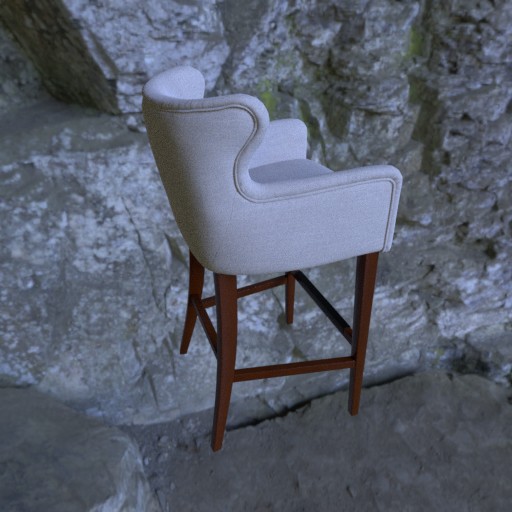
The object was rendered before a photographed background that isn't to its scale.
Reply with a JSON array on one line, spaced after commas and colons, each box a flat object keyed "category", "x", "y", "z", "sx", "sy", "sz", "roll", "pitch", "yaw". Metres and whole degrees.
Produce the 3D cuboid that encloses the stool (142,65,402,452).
[{"category": "stool", "x": 0.000, "y": 0.000, "z": 1.349, "sx": 0.563, "sy": 1.034, "sz": 0.556, "roll": -11, "pitch": 32, "yaw": -18}]

--------------------------------------------------

### TASK DETAILS
Write out the whole listing again, exactly, with no pictures.

### ANSWER SECTION
The object was rendered before a photographed background that isn't to its scale.
Reply with a JSON array on one line, spaced after commas and colons, each box a flat object keyed "category", "x", "y", "z", "sx", "sy", "sz", "roll", "pitch", "yaw". Metres and whole degrees.
Produce the 3D cuboid that encloses the stool (142,65,402,452).
[{"category": "stool", "x": 0.000, "y": 0.000, "z": 1.349, "sx": 0.563, "sy": 1.034, "sz": 0.556, "roll": -11, "pitch": 32, "yaw": -18}]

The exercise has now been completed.